Teach the concept of SPOONERISMS

I’m reading the book Sound linkage again. This is my second visit to the book and I’m hoping the reading can help me gradually adjust myself to the life of English teachers again. Ah, I really hate to go back and face the reality. 😦 

Sound linkage has underlined features that I personally think very helpful for primary school teachers in Taiwan.

1. Ever feel like there’s a missing link in the teaching of Phonics? None of the textbooks I’ve used ever cover the concept of syllabus, which is the key of transforming the speech sounds to the words. The book is a coherent manual and surprisingly easy to follow.

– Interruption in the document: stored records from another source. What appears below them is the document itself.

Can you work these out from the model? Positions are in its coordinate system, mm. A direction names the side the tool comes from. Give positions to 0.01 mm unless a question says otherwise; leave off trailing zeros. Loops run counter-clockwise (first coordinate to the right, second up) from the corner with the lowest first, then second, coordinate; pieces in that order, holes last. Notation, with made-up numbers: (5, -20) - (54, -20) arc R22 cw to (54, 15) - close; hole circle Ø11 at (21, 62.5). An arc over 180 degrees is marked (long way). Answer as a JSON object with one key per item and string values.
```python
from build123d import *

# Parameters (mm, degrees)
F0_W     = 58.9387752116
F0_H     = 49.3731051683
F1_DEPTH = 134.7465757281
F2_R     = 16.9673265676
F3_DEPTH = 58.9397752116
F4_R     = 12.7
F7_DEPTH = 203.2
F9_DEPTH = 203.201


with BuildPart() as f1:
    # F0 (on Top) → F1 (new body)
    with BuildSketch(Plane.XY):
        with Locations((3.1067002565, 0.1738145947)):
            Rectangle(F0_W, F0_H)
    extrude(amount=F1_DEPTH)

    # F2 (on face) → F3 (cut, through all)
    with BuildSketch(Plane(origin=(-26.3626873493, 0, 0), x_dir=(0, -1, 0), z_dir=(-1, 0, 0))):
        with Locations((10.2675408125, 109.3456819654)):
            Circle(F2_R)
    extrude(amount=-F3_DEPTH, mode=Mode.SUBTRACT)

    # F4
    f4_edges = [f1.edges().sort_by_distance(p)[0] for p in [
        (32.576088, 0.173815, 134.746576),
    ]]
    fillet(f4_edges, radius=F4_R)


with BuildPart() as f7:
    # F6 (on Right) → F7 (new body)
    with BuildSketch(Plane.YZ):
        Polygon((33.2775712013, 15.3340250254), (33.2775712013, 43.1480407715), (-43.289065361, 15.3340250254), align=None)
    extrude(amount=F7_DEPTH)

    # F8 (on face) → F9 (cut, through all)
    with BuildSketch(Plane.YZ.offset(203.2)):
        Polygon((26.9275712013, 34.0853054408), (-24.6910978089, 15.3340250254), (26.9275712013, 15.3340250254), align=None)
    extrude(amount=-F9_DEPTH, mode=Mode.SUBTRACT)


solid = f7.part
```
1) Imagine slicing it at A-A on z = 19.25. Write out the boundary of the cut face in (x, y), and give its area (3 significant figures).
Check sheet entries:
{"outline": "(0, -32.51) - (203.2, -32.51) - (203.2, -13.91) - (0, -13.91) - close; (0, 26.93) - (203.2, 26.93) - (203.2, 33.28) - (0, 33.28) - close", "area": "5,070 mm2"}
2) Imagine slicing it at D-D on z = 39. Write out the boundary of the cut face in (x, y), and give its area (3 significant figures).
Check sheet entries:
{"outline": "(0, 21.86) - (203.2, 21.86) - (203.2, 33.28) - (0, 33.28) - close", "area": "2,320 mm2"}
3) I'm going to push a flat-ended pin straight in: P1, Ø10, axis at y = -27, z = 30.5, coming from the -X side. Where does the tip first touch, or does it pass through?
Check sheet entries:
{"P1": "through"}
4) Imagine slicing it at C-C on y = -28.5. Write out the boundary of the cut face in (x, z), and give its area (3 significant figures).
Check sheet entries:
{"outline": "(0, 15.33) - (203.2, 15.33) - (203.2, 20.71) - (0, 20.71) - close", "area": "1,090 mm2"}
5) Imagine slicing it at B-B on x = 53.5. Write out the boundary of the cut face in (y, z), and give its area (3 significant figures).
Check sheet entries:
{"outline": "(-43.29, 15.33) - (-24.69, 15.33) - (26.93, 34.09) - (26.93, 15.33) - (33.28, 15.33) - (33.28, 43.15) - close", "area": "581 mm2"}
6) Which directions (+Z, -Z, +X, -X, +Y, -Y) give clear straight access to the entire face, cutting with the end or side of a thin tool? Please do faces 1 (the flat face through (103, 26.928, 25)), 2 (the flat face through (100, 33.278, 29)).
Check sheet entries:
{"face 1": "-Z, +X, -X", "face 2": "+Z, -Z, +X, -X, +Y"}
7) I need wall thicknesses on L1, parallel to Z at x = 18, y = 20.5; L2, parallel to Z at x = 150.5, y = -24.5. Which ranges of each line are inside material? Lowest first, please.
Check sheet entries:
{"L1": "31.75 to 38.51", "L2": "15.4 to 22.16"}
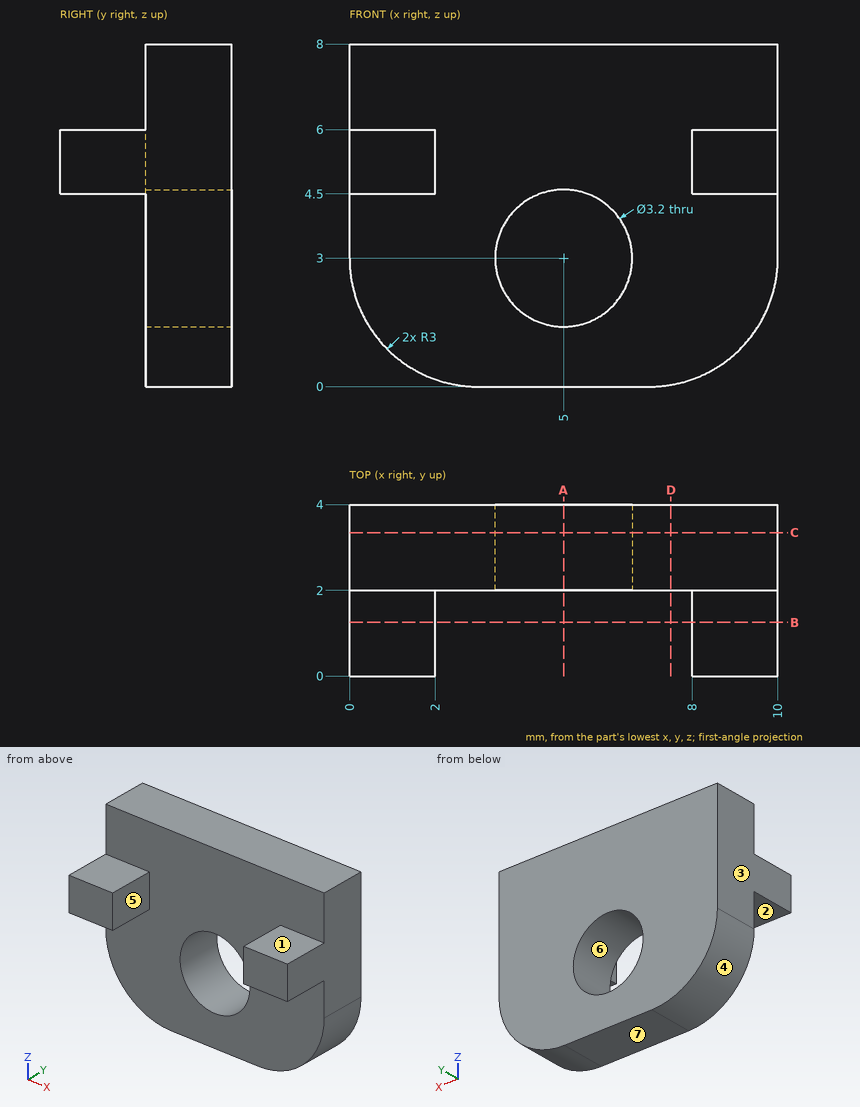
Check sheet for the drawn part. Datum: minimum x, y, z corner. Units: mm. A direction names the side the tool comes from. Give positions to 0.01 mm unless a question says otherwise; leave off trailing zeros. Write each loop counter-clockwise with the first axis right and the second up, starting at its lowest first coordinate (ties: lowest second). Pieces come first, ordered by that corner, then holes. Notation, with made-up numbers: (-5.75, -0.5) -> (28.25, -0.5) arc R28 ccw to (28.25, 19.5) -> close; hole circle Ø7 at (58.5, -5.75). An arc over 180 degrees is marked (long way). Use one line per item in the form item = value. Start each with the question number.
1. Section check D-D (x = 7.5). Record the cut outline in (y, z), and give its area (3 significant figures).
2. Section check A-A (x = 5). Record the cut outline in (y, z), and give its area (3 significant figures).
3. Section check C-C (y = 3.35). Record the cut outline in (x, z), and give its area (3 significant figures).
4. Go/stop test with flat-tipped pins: P1, Ø1.5, axis at x = 1, y = 2, coming from the -Z side; P2, Ø1, axis at x = 5.5, z = 6.5, coming from the -Y side; P3, Ø1, axis at x = 9.5, y = 1, coming from the -Z side; P4, Ø2.5, axis at x = 2.5, z = 4, coming from the -Y side. Record where each tip stops, or that it passes through.
5. Section check B-B (y = 1.25). Record the cut outline in (x, z), and give its area (3 significant figures).
6. Thickness scan on line 1 along Z through (x, y) = (5, 3); line 2 along Y through (x, z) = (6.5, 2); line 3 along Z through (x, y) = (9.5, 1.1). Record the ranges inside material, lowest first. Write a range as from..to.
7. Access from +Z, -Z, +X, -X, +Y, -Y to the whole of each face (thin tool, end or side, straight path). Record for the marked faces 1, 2 and 3.
8. Mould release check, pull along X, two halves, no side actions. Record for the marked faces 4, 5, 6 and 7: pulls with the +X half, pulls with the -X half, needs draft (parallel to the pull), parting line crosses it, or undercut.
Conclusion:
q1.outline = (2, 0.04) -> (4, 0.04) -> (4, 8) -> (2, 8) -> close
q1.area = 15.9 mm²
q2.outline = (2, 0) -> (4, 0) -> (4, 1.4) -> (2, 1.4) -> close; (2, 4.6) -> (4, 4.6) -> (4, 8) -> (2, 8) -> close
q2.area = 9.60 mm²
q3.outline = (0, 3) arc R3 ccw to (3, 0) -> (7, 0) arc R3 ccw to (10, 3) -> (10, 8) -> (0, 8) -> close; hole circle Ø3.2 at (5, 3)
q3.area = 68.1 mm²
q4.P1 = 0.27
q4.P2 = 2
q4.P3 = 4.5
q4.P4 = 0
q5.outline = (0, 4.5) -> (2, 4.5) -> (2, 6) -> (0, 6) -> close; (8, 4.5) -> (10, 4.5) -> (10, 6) -> (8, 6) -> close
q5.area = 6.00 mm²
q6.line_1 = 0..1.4, 4.6..8
q6.line_2 = 2..4
q6.line_3 = 4.5..6
q7.face_1 = +Z, +X, -X, -Y
q7.face_2 = -Z, +X, -X, -Y
q7.face_3 = +Z, -Z, -X, +Y, -Y
q8.face_4 = pulls with the -X half
q8.face_5 = undercut
q8.face_6 = undercut
q8.face_7 = needs draft

2. It is a book attempt to translate the research findings into practice. We all need to look back at the theory from time to time to examine our practice of teaching. Even better, this book reviews the recent findings and offer drills to practice.

3. It is especially helpful for students who have poor basic knowledge in the English language.

This is a drill that aims to bring in the concept of spoonerisms:

1. Cut the cards below along the dotted lines  

2. Show the pictures to kids. Set out the dog and the fish and show that the heads can be exchanged.


3. Explain that as well as changing heads (the first part of the animal) we could change the first sounds of the names and get two funny words.

‘dog’ Can you hear the first soun d? ‘fish’ Can you hear the first sound? Now let’s change them over. They will become ‘fog’ and ‘dish’.

Same thing goes with ‘cow’ and ‘horse’. (see pic: cow and horse 1&2)

ask kids to try ‘horse’ and ‘dog’, ‘cow’ and ‘dog’

4. You can make a word list for the spoonerism practice or apply the one in the book.

Interesting and easy to understand, isn’t it? How do you guys teach this concept?